Revisiting Neural Processes via Fourier Transform and Volterra Series
International Conference on Machine Learning (ICML) 2026
P. Mohseni, N. Duffield and R. K. W. Wong

Abstract

Many phenomena in science and engineering involve unknown latent functions observed through finite, irregularly sampled measurements. Neural processes (NPs) offer a powerful framework for probabilistic functional inference by bridging stochastic processes with deep learning. In many domains, these functions exhibit symmetries—most notably translation equivariance—that can be exploited to improve sample efficiency and generalization. Existing translation-equivariant NPs, however, have two key limitations: (i) they are constructed by stacking generic components with nonlinearities, obscuring the induced function class, thus limiting interpretability; and (ii) convolutional designs are based on localized receptive fields and require dense discretization, while attention-based methods avoid these issues but scale quadratically with the number of observations.
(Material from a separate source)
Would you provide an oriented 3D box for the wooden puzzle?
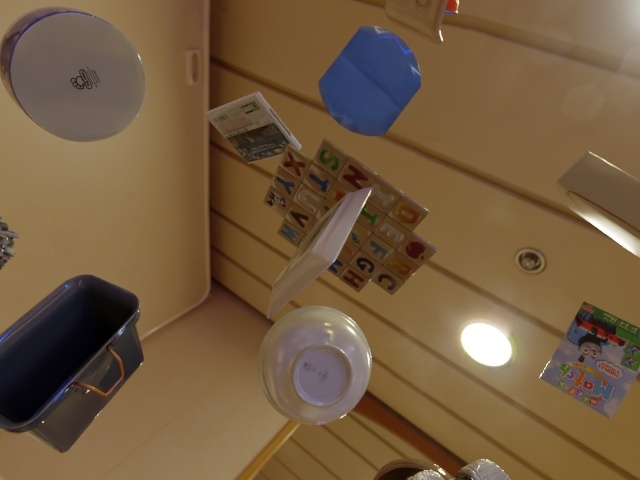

We address these challenges through two contributions. First, we characterize continuous translation-equivariant operators through their Volterra expansions, representing them as sums of higher-order convolutions. This yields analytical transparency while remaining amenable to efficient approximation by first-order convolution operators. Second, we introduce set Fourier convolutions (SFConvs), a frequency-domain parameterization that operates directly on irregularly sampled sets. SFConvs achieve global receptive fields without spatial discretization and scale linearly in the number of observations. Building on these ideas, we propose two families of conditional NPs (CNPs): SFConvCNPs, constructed by stacking SFConv blocks with nonlinearies, and SFVConvCNPs, which integrate the Volterra formulation. Experiments on synthetic and real-world datasets demonstrate the efficacy of our methods compared to the state-of-the-art baselines.